_TASK PROMPT_
Leaving the pictures aside, restate all of the data exactly.

_EXCERPTED DATA_
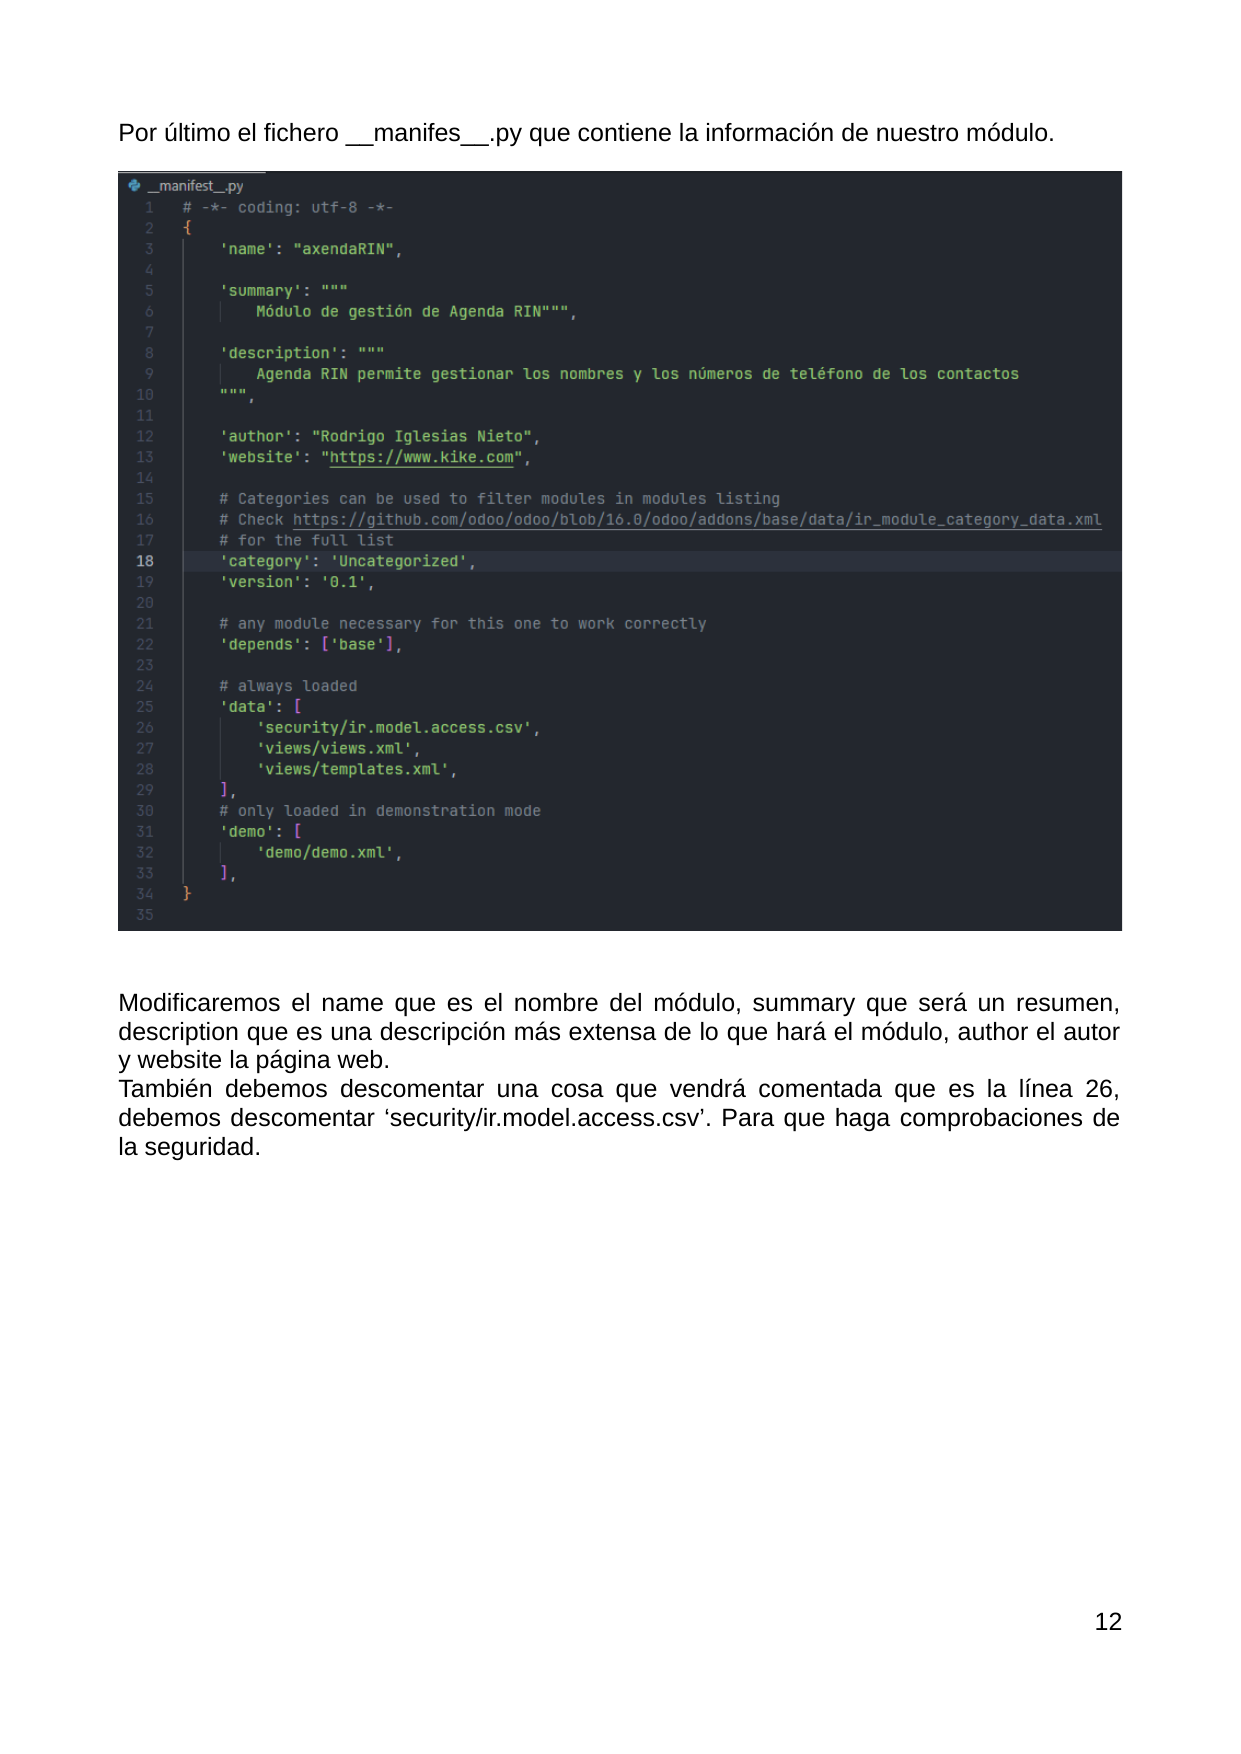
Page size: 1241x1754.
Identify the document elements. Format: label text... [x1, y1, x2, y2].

text Modificaremos el name que es el nombre del módulo, summary que será un resumen, description que es una descripción más extensa de lo que hará el módulo, author el autor y website la página web. [118, 988, 1122, 1074]
picture [118, 171, 1123, 931]
text Por último el fichero __manifes__.py que contiene la información de nuestro módulo. [118, 118, 1122, 147]
text También debemos descomentar una cosa que vendrá comentada que es la línea 26, debemos descomentar ‘security/ir.model.access.csv’. Para que haga comprobaciones de la seguridad. [118, 1074, 1122, 1160]

_EXERCISE RESULT_
Page size: 1241x1754.
Identify the document elements. Format: label text... [x1, y1, x2, y2].

text Modificaremos el name que es el nombre del módulo, summary que será un resumen, description que es una descripción más extensa de lo que hará el módulo, author el autor y website la página web. [118, 988, 1122, 1074]
picture [118, 171, 1123, 931]
text Por último el fichero __manifes__.py que contiene la información de nuestro módulo. [118, 118, 1122, 147]
text También debemos descomentar una cosa que vendrá comentada que es la línea 26, debemos descomentar ‘security/ir.model.access.csv’. Para que haga comprobaciones de la seguridad. [118, 1074, 1122, 1160]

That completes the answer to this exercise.